I would like to call this start function

Derek17:03:41

Call the protocol method c/start on an instance of your record

Derek17:03:00

(c/start (->ActiveMQConnection “some-url”))

noisesmith17:03:16

the biggest gotcha in my experience is people expect start to be namespaced to the namespace implementing the record, when it's actually namespaced to the creation of the protocol

8
hiredman17:03:52

that is the thing, people tend to think of, and it is common to talk about the functions that are part of protocols as methods

hiredman17:03:33

but they are functions, as if created by defn, just with special dispatch

💯 4
lilactown18:03:26

I usually implement my protocols as -start or some other private-looking thing, and then a start function in the namespace that makes sense (like core etc.)

lukasz18:03:27

btw, you can call protocol methods directly on record instances implementing them: (.start (>ActiveMQConnection "some-url")) (not a good idea for Components though, as that doesn't do the dependency injection part)

Ramon Rios18:03:20

It worked, my problem now it's other.
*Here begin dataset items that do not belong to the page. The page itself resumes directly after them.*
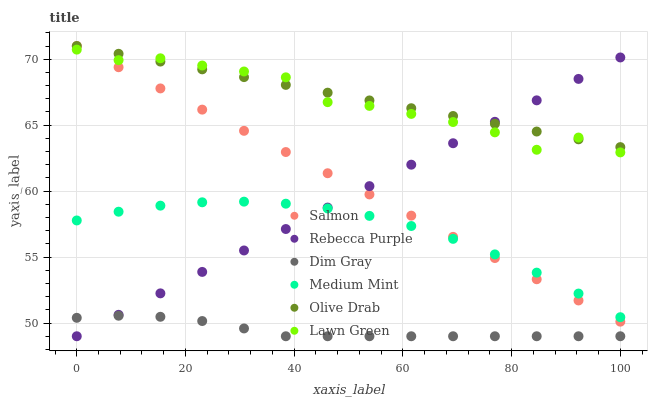Does Dim Gray have the minimum area under the curve?
Answer yes or no. Yes. Does Olive Drab have the maximum area under the curve?
Answer yes or no. Yes. Does Lawn Green have the minimum area under the curve?
Answer yes or no. No. Does Lawn Green have the maximum area under the curve?
Answer yes or no. No. Is Rebecca Purple the smoothest?
Answer yes or no. Yes. Is Lawn Green the roughest?
Answer yes or no. Yes. Is Dim Gray the smoothest?
Answer yes or no. No. Is Dim Gray the roughest?
Answer yes or no. No. Does Dim Gray have the lowest value?
Answer yes or no. Yes. Does Lawn Green have the lowest value?
Answer yes or no. No. Does Olive Drab have the highest value?
Answer yes or no. Yes. Does Lawn Green have the highest value?
Answer yes or no. No. Is Medium Mint less than Lawn Green?
Answer yes or no. Yes. Is Lawn Green greater than Medium Mint?
Answer yes or no. Yes. Does Rebecca Purple intersect Lawn Green?
Answer yes or no. Yes. Is Rebecca Purple less than Lawn Green?
Answer yes or no. No. Is Rebecca Purple greater than Lawn Green?
Answer yes or no. No. Does Medium Mint intersect Lawn Green?
Answer yes or no. No. 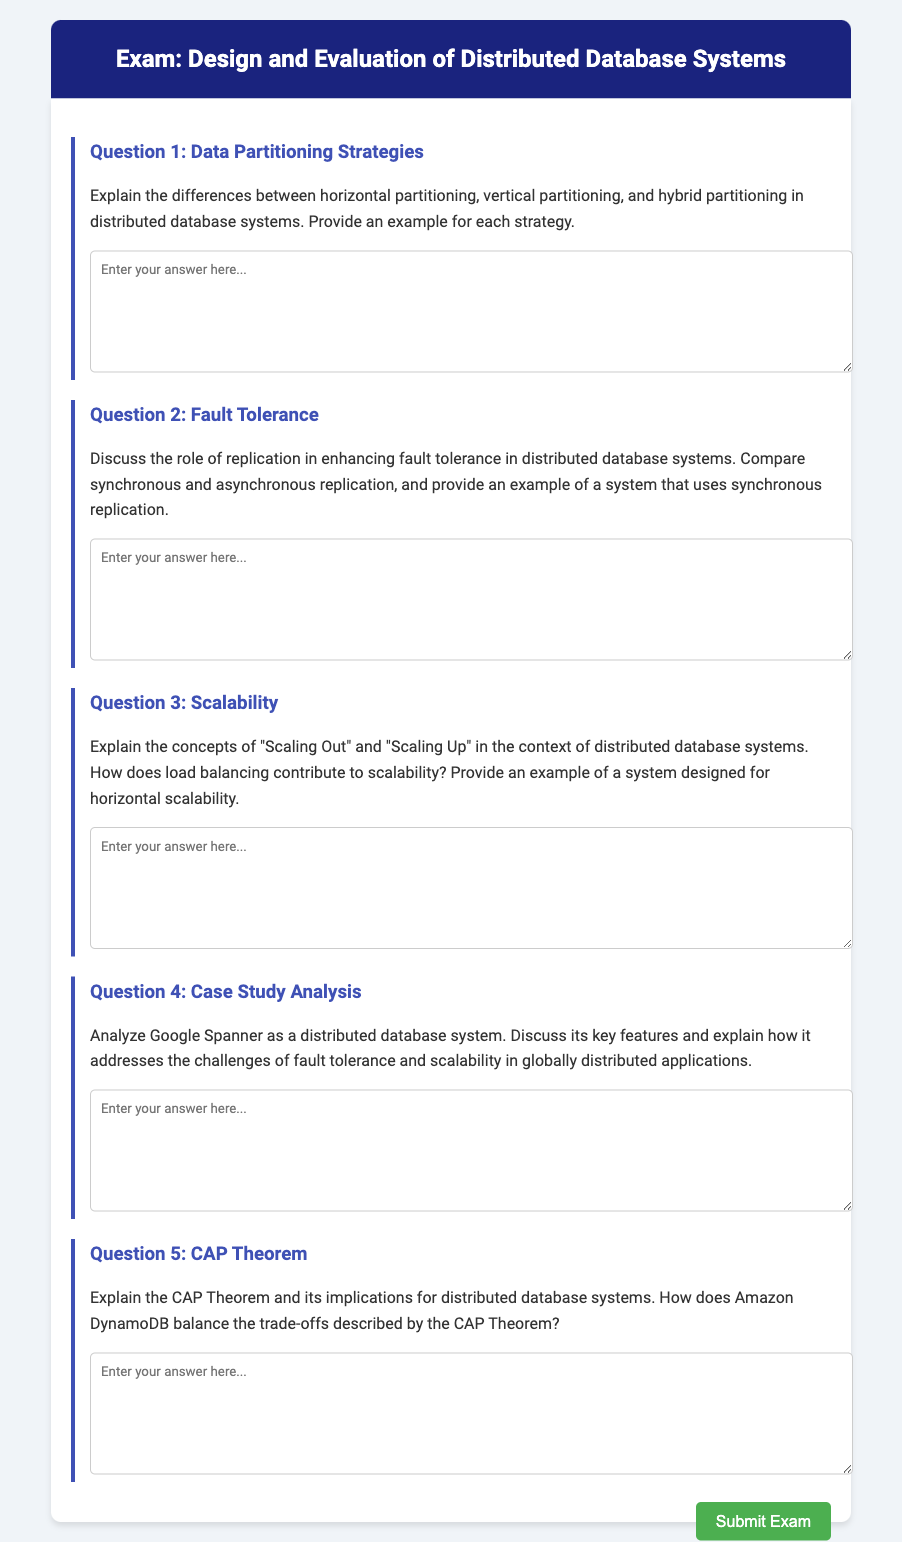What is the title of the exam? The title of the exam is stated in the header of the document.
Answer: Design and Evaluation of Distributed Database Systems How many questions are included in the exam? The number of questions can be counted from the content sections of the document.
Answer: Five What is the focus of Question 1? The focus of Question 1 is detailed in the question's heading, which indicates its topic.
Answer: Data Partitioning Strategies What unique feature does Google Spanner provide? The unique feature is referenced in the context of the analysis requested in Question 4.
Answer: Fault tolerance and scalability What are the two types of replication discussed in Question 2? The types of replication are specified in the instructions of Question 2.
Answer: Synchronous and asynchronous Which database system is mentioned as an example of synchronous replication? The specific system that uses synchronous replication is requested in Question 2.
Answer: Google Spanner What concepts are explained in Question 3? The question indicates specific concepts that are to be addressed.
Answer: Scaling Out and Scaling Up What theorem is the focus of Question 5? The theorem is directly mentioned in the title of Question 5.
Answer: CAP Theorem What aspect of distributed database systems does load balancing contribute to? The contribution of load balancing is mentioned in the context of Question 3.
Answer: Scalability

Thank you everyone

grounded_sage21:03:38

How do I write directly to disk from a BufferedInputStream?

noisesmith21:03:09

io/copy it to a FileOuputStream?

👍 4
noisesmith21:03:27

@grounded_sage

user=> (def uid (java.util.UUID/randomUUID))
#'user/uid
user=> uid
#uuid "b8a1753f-cbac-40bf-9b9d-cc9cd5f018c9"
user=> (defn foo-is [] (io/input-stream (.ByteArrayInputStream. (.getBytes (pr-str uid) "UTF-8"))))
#'user/foo-is
user=> (type (foo-is))
.BufferedInputStream
user=> (with-open [o (io/output-stream (io/file "foo-31"))] (io/copy (foo-is) o))
nil
user=> (slurp "foo-31")
"#uuid \"b8a1753f-cbac-40bf-9b9d-cc9cd5f018c9\""

noisesmith21:03:36

oh - and io/copy is happy to take a File directly, so explicitly calling output-stream was redundant

noisesmith21:03:01

so this suffices (io/copy promises to close things it opens)
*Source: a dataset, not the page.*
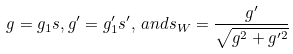Convert formula to latex. <formula><loc_0><loc_0><loc_500><loc_500>g = g _ { 1 } s , g ^ { \prime } = g _ { 1 } ^ { \prime } s ^ { \prime } , \, a n d s _ { W } = \frac { g ^ { \prime } } { \sqrt { g ^ { 2 } + g ^ { \prime 2 } } }</formula>

user=>  (io/copy (foo-is) (io/file "foo-31"))
nil

grounded_sage21:03:41

Oh so I don’t need with-open nice!

andy.fingerhut21:03:30

The main thing to be careful of with an InputStream is to ensure that it gets an OutputStream behavior when doing io/copy. io/copy might do that under the hood already. I guess it wouldn't make much sense if it tried to create a Writer instead of an OutputStream in this case.

noisesmith21:03:22

@andy.fingerhut good point - I think this is the multimethod dispatch that gets hit, and it would do the right thing https://github.com/clojure/clojure/blob/master/src/clj/clojure/java/io.clj#L319

noisesmith21:03:38

the inputstream/file combo makes an outputstream out of the file and dispatches to inputstream/outputstream inside with-open

noisesmith21:03:25

and of course the outputstream implementation is used directly with no danger of a Writer wrapping it

grounded_sage21:03:28

I ran out of memory doing the copy

andy.fingerhut21:03:39

That seems a bit odd, unless the InputStream was somehow allocating memory as you were reading from it. What is the source of data of the InputStream, or its specific type?

grounded_sage21:03:44

The large file I am copying is fine on it’s own. But when I do all the files there seems to be some memory leak

grounded_sage21:03:00

Large CSV’s from S3

noisesmith21:03:08

there's an optional arg to io/copy that lets you specify a buffer size

hiredman21:03:27

what s3 client are you using?

andy.fingerhut21:03:44

That buffer size is more likely to be an issue if you were running out of memory for a single copy, not across many files. How many files would you estimate are involved?

hiredman21:03:16

my guess is you are are using the cognitect one, which if I recall pulls s3 blobs entirely into memory when downloading

grounded_sage21:03:30

But after each one it would close and release the memory?

hiredman21:03:31

what s3 client are you using?

noisesmith21:03:34

oh yeah, you might want to make sure you are reusing a single instance of the s3 client (even if working concurrently), and consuming the stream directly instead of a wrapper that puts everything in an array or string

grounded_sage21:03:40

Yes cognitect one

andy.fingerhut21:03:45

I do not know whether io/copy closes its inputs when it completes -- maybe not. Explicitly closing them yourself may help, but that seems difficult to imagine causing a memory problem with only 11 files.

noisesmith21:03:25

io/copy only closes things it itself opened, so yes this is a concern

hiredman21:03:59

how big are the files, what is the max heap on your jvm?

grounded_sage21:03:44

(defn S3-CSV->local-disk
  [csv-file]
  (let [folder (str "partner-data/temp/" (str/upper-case (:partner-id @config)))]
    (if (fs/directory? folder)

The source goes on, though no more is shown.